Try it: Each record should be copied exactly into the answer, and no picture should go with it.

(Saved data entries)

########################################

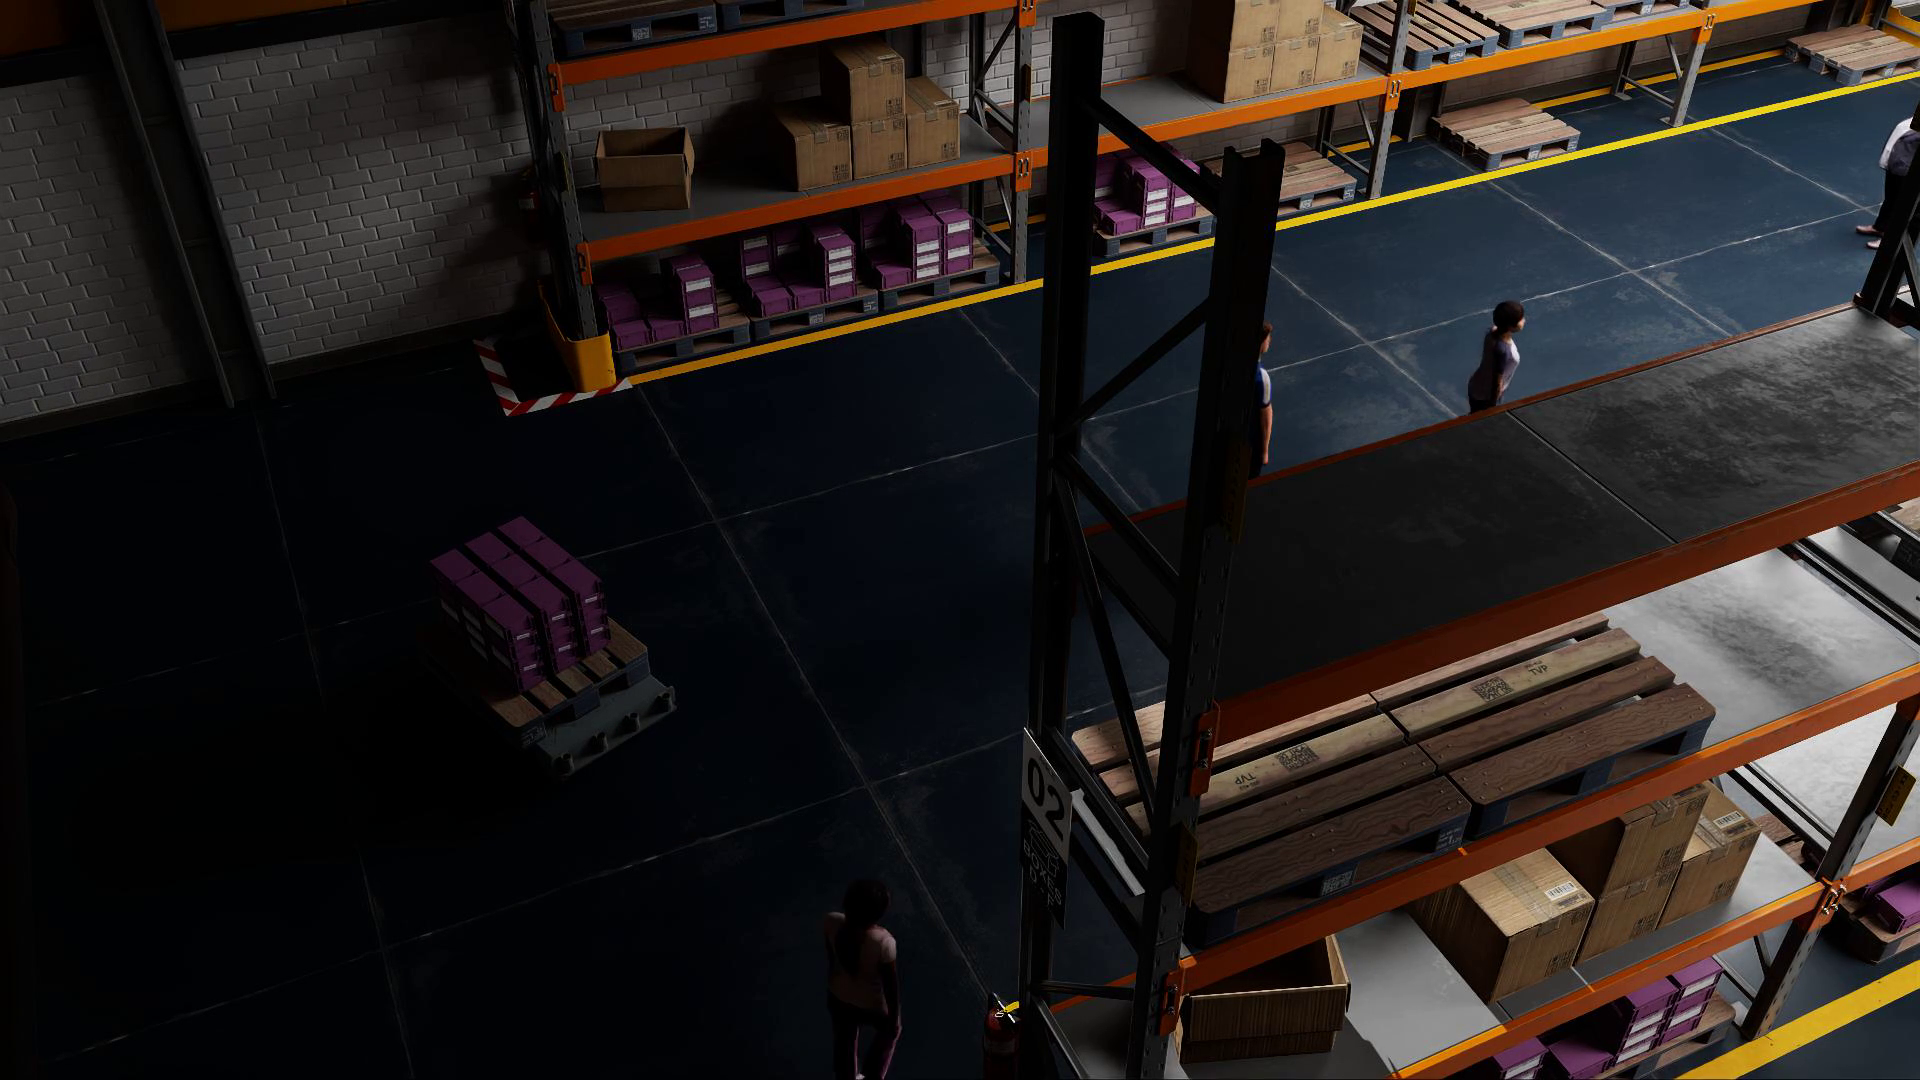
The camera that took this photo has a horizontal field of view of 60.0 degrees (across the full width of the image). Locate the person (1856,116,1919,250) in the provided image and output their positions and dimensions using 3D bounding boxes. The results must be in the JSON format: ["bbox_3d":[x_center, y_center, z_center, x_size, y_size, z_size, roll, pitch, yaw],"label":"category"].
[{"bbox_3d":[8.871,-3.501,15.552,0.834,1.597,0.797,6,39,7],"label":"person"}]

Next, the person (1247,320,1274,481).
[{"bbox_3d":[2.009,-0.762,11.906,0.590,1.866,0.677,-20,43,-23],"label":"person"}]

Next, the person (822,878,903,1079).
[{"bbox_3d":[-0.519,2.325,8.149,0.781,1.731,0.840,13,40,15],"label":"person"}]

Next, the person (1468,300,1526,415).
[{"bbox_3d":[3.948,-1.142,12.635,0.863,1.550,0.746,0,39,1],"label":"person"}]

########################################

Solution to this problem:
The camera that took this photo has a horizontal field of view of 60.0 degrees (across the full width of the image). Locate the person (1856,116,1919,250) in the provided image and output their positions and dimensions using 3D bounding boxes. The results must be in the JSON format: ["bbox_3d":[x_center, y_center, z_center, x_size, y_size, z_size, roll, pitch, yaw],"label":"category"].
[{"bbox_3d":[8.871,-3.501,15.552,0.834,1.597,0.797,6,39,7],"label":"person"}]

Next, the person (1247,320,1274,481).
[{"bbox_3d":[2.009,-0.762,11.906,0.590,1.866,0.677,-20,43,-23],"label":"person"}]

Next, the person (822,878,903,1079).
[{"bbox_3d":[-0.519,2.325,8.149,0.781,1.731,0.840,13,40,15],"label":"person"}]

Next, the person (1468,300,1526,415).
[{"bbox_3d":[3.948,-1.142,12.635,0.863,1.550,0.746,0,39,1],"label":"person"}]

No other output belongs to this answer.